State-by-State Tenancy Workflow Review
This public review explains which tenancy workflows Leasily supports with guardrails, reminders, records, or manual-review boundaries across Australia.
1.Purpose and limits
This State-by-State Tenancy Workflow Review explains how Leasily treats major Australian residential tenancy workflows at a public level. It is not legal advice and is not a substitute for current state legislation, prescribed forms, regulator guidance, tribunal practice, or advice about your facts.
Leasily may use state rules to show reminders, block higher-risk workflows, calculate timing guardrails, record evidence, or label a step as manual. That does not mean Leasily has completed the legal step for you.
2.Workflow categories
- Automated guardrail: the product checks or blocks a timing/status condition before allowing a workflow to proceed.
- Reminder only: the product can show deadlines, nudges, or statuses, but the user generally needs to complete the legal step.
- Record keeping only: the product stores evidence, references, documents, or notes, but does not perform the legal act.
- Manual or review required: the user should complete the step outside Leasily or seek independent advice before acting.
3.Current state review
- NSW: no-grounds landlord notice workflows are designed to be blocked in self-serve flows; bond, rent increase, entry, breach, condition report, disclosure, and renewal rules may be supported as guardrails or records.
- VIC: no-grounds landlord notice workflows are designed to be blocked in self-serve flows; rent increase timing, prescribed-reason notice periods, entry windows, bond records, and disclosures require careful state review.
- QLD: no-grounds landlord notice workflows are designed to be blocked; QLD-specific rent-increase, bond, breach, entry, minimum standards, and disclosure rules are treated as state-specific guardrails or records.
- WA: some no-grounds notice workflows may be available only where seeded rules permit them; bond, entry, rent increase, condition report, and disclosure records remain landlord-controlled.
- SA: no-grounds notice workflows may be available only where seeded rules permit them; bond deadlines and prescribed disclosures remain landlord-controlled and should be checked against current CBS guidance.
- TAS: no-grounds notice workflows may be available only where seeded rules permit them; condition report, breach, entry, bond, and renewal records require state-specific review.
- ACT: no-grounds landlord notice workflows are designed to be blocked; ACT-specific EER, bond, entry, rent increase, prescribed-reason termination, and disclosure records require careful review.
- NT: trust-account handling for bond money is treated as a manual responsibility; termination, rent increase, breach, and entry rules are state-specific and should be checked before action.
4.Bond workflows
Bond features are generally reminder and record-keeping tools. Leasily can record payment status, authority state, lodgement evidence, proof references, refund status, and dispute evidence.

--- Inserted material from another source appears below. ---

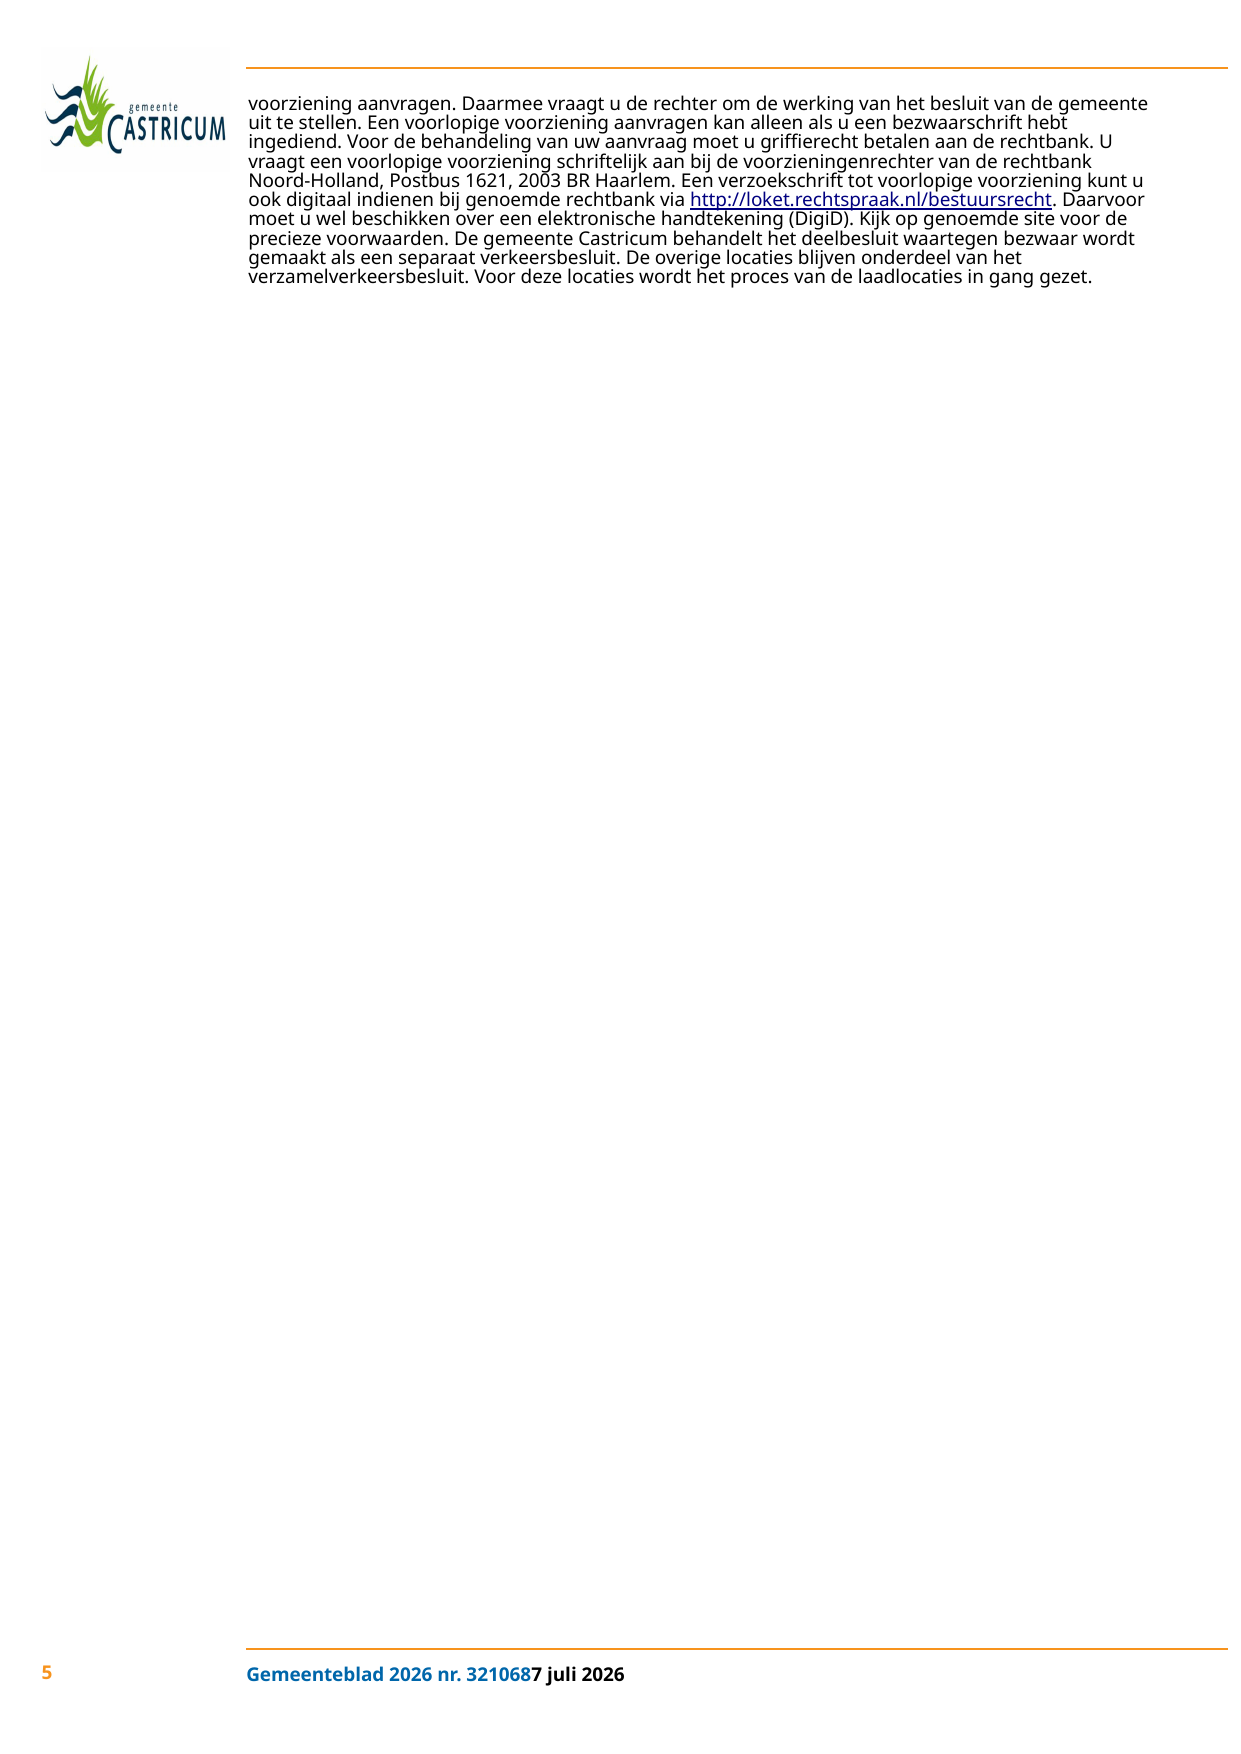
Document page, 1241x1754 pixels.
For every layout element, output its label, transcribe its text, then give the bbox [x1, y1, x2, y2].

picture [41, 47, 231, 172]
text voorziening aanvragen. Daarmee vraagt u de rechter om de werking van het besluit van de gemeente uit te stellen. Een voorlopige voorziening aanvragen kan alleen als u een bezwaarschrift hebt ingediend. Voor de behandeling van uw aanvraag moet u griffierecht betalen aan de rechtbank. U vraagt een voorlopige voorziening schriftelijk aan bij de voorzieningenrechter van de rechtbank Noord-Holland, Postbus 1621, 2003 BR Haarlem. Een verzoekschrift tot voorlopige voorziening kunt u ook digitaal indienen bij genoemde rechtbank via http://loket.rechtspraak.nl/bestuursrecht. Daarvoor moet u wel beschikken over een elektronische handtekening (DigiD). Kijk op genoemde site voor de precieze voorwaarden. De gemeente Castricum behandelt het deelbesluit waartegen bezwaar wordt gemaakt als een separaat verkeersbesluit. De overige locaties blijven onderdeel van het verzamelverkeersbesluit. Voor deze locaties wordt het proces van de laadlocaties in gang gezet. [248, 95, 1152, 287]

Unless a product screen expressly says otherwise, landlords remain responsible for collecting, holding, lodging, refunding, and disputing bond money under the relevant state or territory law.
5.Rent increases and rent schedules
Leasily can apply state-specific timing guardrails for rent increase workflows and update future rent schedule records where a supported notice becomes effective. Users remain responsible for checking whether rent can be increased, whether prescribed wording or forms are required, and whether service has been validly completed.
6.Breach, termination, and entry notices
Breach, termination, and entry workflows are legally sensitive. Leasily may block unsupported no-grounds or breach-based termination workflows, enforce minimum timing, require reasons, or keep audit records. Users remain responsible for the facts, prescribed form, service method, evidence, follow-up, and tribunal process.
7.Disclosures, condition reports, and renewals
Leasily may collect state-specific disclosure inputs, condition report timing information, renewal reminders, and related records. These are support tools. Landlords must check current state requirements and provide any prescribed documents, information statements, by-laws, safety disclosures, or government forms required outside the product if not expressly supported.
8.Rule currency
Tenancy laws change frequently. Leasily aims to keep product rules and public notices aligned with current product behaviour, but users should verify high-consequence decisions against official state or territory sources before acting.